Compounds in food packaging materials - toxicological profiling of knowns and unknowns

Food contact materials (FCMs) are sources of food contamination and human chemical exposure. Some chemicals in these materials are known to cause adverse effects, but many are poorly characterized for their potential toxicological hazards making risk assessment a challenge. The aim of the project was to obtain knowledge on the potential hazards posed by chemicals present in FCMs through examining compounds with known usages or suspected of being used in these materials, namely bisphenol A (BPA), BPA analogues and fluorinated substances.

Furthermore, we developed a strategy to identify problematic compounds present in these materials. Specific focus was placed on in vitroendpoints assessing endocrine activity. BPA, five BPA analogues, and 19 fluorinated substances including fluorochemical containing technical mixtures (TMs) were investigated.

The in vitro assays included the androgen receptor (AR), estrogen receptor (ER), aryl hydrocarbon receptor, retinoic acid receptor, glucocorticoid receptor, p53, and nuclearfactor (erythroid-derived 2)-like 2 reporter gene assays, and the H295R steroidogenesis assay.

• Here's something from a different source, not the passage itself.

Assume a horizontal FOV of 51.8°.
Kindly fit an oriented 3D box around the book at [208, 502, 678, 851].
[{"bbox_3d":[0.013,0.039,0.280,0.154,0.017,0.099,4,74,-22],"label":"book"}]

The FCM strategy was a step-by-step procedure in which extracts from FCMs of paper and board were tested in vitro, active extracts were fractionated and tested in vitro, tentative identification was performed in active fractions, and tentatively identified compounds were tested in vitro and quantified in the extract.

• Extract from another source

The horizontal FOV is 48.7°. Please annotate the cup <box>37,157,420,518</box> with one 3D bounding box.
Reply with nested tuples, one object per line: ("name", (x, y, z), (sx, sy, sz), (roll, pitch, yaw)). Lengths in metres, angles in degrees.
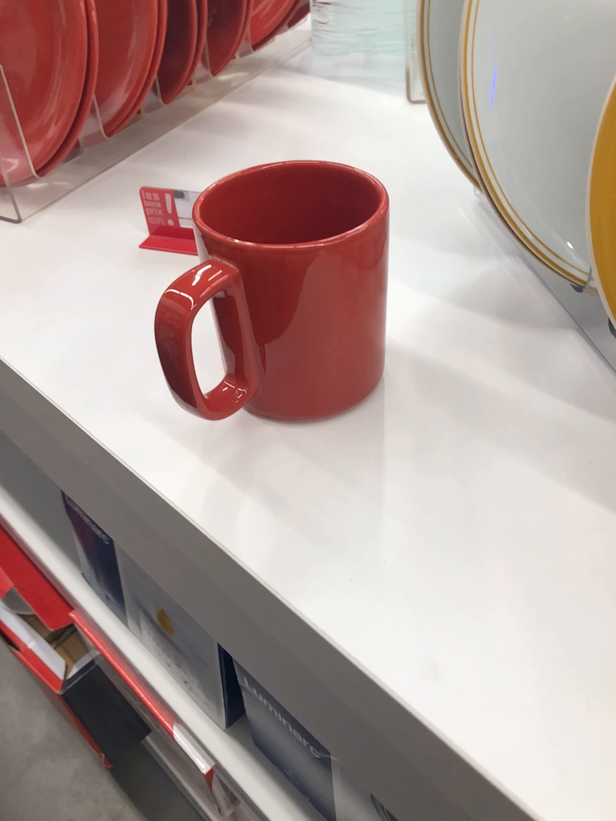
("cup", (-0.025, -0.041, 0.301), (0.091, 0.082, 0.130), (24, 49, 29))

BPA analogues generally led to similar estrogenic and antiandrogenic effects in vitro compared to BPA. However, the BPA analogue BPS caused less marked effects on most of these endpoints, but led to a more pronounced effects on progestagen levels compared to BPA. Likewise, the effects on corticoid levels in the H295R steroidogenesis assay differed between the six compounds.

These data suggest that the tested analogues overall have similar effects on the parameters investigated, though some differed. Therefore based on the presented data, the BPA analogues may not be suitable BPA alternatives. The fluorinated chemicals exhibited endocrine activities distinct from one another, but subgroups of fluorinated chemicals had similar profiles.

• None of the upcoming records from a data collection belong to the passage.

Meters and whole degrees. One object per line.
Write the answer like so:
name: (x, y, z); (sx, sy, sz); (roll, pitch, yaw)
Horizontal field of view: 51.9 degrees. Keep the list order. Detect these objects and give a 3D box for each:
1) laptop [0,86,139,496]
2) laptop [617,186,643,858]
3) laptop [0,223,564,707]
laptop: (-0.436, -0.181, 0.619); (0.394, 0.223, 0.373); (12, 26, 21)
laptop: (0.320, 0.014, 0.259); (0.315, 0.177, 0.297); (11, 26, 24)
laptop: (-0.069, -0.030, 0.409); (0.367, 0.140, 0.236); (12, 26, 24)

Polyfluoroalkyl phosphate ester surfactants (PAPs) generally decreased progestagen and androgen levels, fluorotelomer alcohols (FTOHs) generally increased ER activity, and long-chained perfluorinated alkyl carboxylic acids (PFCAs) generally increased 17β-estradiol levels. Two TMs caused estrogenicity in vitro, whereas none of the short-chained PFCAs caused effects.

It is recommended to conduct further studies on polyfluorinated chemicals as well as TMs to obtain more information on the implications of these differences in effect. The developed FCM strategy proved useful for identifying potential problematic compounds in FCMs of paper and board. All extracts from FCMs led to effects in at least one of the applied in vitro assays and we successfully identified five causative agents in two FCMs when applying the full strategy.

It is recommended to test more FCMs of paper and board with the strategy to obtain information on other potentially problematic compounds present in these materials. The presented data overall suggest that some compounds present in FCMs or suspected of being used can exert endocrine activities in vitro, though the implications of these findings with respect to effects in humans and exposure to humans remain largely unknown.

Nevertheless, it is of concern that so many of the materials and compounds led to effects and calls for further studies to be conducted. The data obtained in this PhD can be used as a prioritization tool for these purposes.